To run a heat pump as an air conditioner:
- de-pressurize the refrigerant (which cools it below the ambient temperature in your house);
- blow air from your house over coils of pipe containing the refrigerant, which pulls heat out of the air into the refrigerant;
- pressurize the refrigerant (which heats it above the ambient temperature outside);
- blow outside air over coils of pipe containing the refrigerant, which pulls heat out of the refrigrerant into the air.
To run a heat pump to heat your house, you simply reverse the process: pulling heat out of the outside air (even when it’s very cold, so long as the refrigerant is colder), and transferring it to the air inside your house.
A heat pump is an entirely electric system, which in Seattle is 100% green since the city’s electricity supply is mostly hydroelectric. So every conversion from oil-heat to a heat pump is a 100% reduction in GHG emissions. Plus it’s more energy efficient, cheaper to run, and gives you air conditioning nearly for free.
Here are the policy elements of the proposed ordinance:
- It would impose a heating oil tax of $.236 per gallon on vendors of heating oil. If the vendors choose to pass the tax on to their customers, then they must list it as a separate line-item on the bill.
- The tax is expected to generate around $8.2 million in revenues through 2028, given predictions for conversion of existing oil-heat furnaces.
- The revenues would be used to fund conversions from oil-heat to heat pumps, for outreach, and for workforce retraining so that people in the heating-oil industry can reskill for installing and maintaining heat pumps.
- Conversion for low-income households would be prioritized: the program would pay 100% of the costs for up to 1,000 low-income households.
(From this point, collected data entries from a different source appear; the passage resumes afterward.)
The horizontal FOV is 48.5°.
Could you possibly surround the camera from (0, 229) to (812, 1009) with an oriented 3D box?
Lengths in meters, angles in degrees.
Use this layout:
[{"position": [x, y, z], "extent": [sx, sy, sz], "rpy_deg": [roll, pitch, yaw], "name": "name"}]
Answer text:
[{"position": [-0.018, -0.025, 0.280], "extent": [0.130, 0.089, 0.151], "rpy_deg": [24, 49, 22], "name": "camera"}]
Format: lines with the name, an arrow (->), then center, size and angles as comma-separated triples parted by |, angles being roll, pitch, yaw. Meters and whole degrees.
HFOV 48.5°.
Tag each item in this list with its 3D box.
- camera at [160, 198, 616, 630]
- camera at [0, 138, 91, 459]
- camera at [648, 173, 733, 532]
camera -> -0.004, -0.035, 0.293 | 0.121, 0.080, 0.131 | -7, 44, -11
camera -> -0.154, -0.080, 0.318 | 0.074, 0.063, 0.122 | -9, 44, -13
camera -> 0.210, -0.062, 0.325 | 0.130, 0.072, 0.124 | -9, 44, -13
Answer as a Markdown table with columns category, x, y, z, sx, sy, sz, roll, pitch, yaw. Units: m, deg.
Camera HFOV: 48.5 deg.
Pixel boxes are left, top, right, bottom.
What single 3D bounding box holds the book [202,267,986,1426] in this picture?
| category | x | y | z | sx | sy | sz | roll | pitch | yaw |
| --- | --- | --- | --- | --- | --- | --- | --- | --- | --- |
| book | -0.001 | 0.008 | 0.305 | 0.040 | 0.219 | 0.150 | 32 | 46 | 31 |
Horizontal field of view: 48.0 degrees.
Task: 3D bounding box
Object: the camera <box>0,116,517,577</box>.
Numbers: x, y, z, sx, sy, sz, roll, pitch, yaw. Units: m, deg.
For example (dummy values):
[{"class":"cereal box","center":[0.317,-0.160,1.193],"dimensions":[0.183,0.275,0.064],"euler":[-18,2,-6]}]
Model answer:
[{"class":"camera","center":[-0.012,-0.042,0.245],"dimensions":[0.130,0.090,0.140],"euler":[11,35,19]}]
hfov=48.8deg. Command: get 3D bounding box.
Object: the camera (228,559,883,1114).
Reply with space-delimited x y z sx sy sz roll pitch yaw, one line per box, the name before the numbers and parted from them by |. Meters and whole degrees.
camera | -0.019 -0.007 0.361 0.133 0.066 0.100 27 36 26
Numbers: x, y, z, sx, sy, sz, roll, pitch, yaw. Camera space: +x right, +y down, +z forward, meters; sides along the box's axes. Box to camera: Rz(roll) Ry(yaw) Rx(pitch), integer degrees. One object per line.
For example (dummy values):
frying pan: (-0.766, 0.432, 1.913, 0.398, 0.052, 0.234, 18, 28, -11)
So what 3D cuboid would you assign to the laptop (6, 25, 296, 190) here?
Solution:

- The existing rebate program for heat pumps, which is available to non-low-income households, would also be expanded to 1,700 additional homes.
- Once converted, the low-income households would qualify for weatherization services and for utility discounts for the electricity used to run the heat pumps.
- In addition, the ordinance requests city departments to plan a program that would require all existing heating-oil tanks to be either decommissioned or replaced with a modern tank by 2028.
As you can imagine, the proposal received a warm reception in its first discussion with Council members as there is plenty of upside and very little downside. The most pain would be felt by existing heating-oil companies, but if the city’s projections are to believed there will be almost no oil-heat furnaces in ten years anyway; at least with this bill, funding becomes available to retrain those workers so they can gracefully transition out of the business.
Council member O’Brien, who chairs the committee that the bill is moving through, said last Friday that it would return for a second hearing in September.
I don’t know where the Mayor got her oil heat info, but I just looked at the tax details of my home in Magnolia and found that KC thinks I have oil heat. It was gas when I bought it in 1995. I have asked them about an update. Also, when considering a change which requires an outside unit, the City has pretty strict noise requirements. I found this out when I briefly looked at a duct based cooling unit earlier this year.
As always, the devil is in the details.
Did they talk about Heat pump installation costs? So far I’ve been given two quotes of $19,000+ including city tax and the rebate for a 950 sq. ft. home. How many of the 18,000 oil users can afford that? My home cost about $800 a year to heat with oil. I’m told that the cost to run gas is the same as a heat pump. From an $ point of view, oil users will probably chose gas if forced to switch.
They didn’t talk about heat pump costs. I would assume costs will go down somewhat as volume goes up.
The city won’t be paying for (or providing rebates for) switches to gas — it will be only to electric. They are trying to get people off fossil fuels.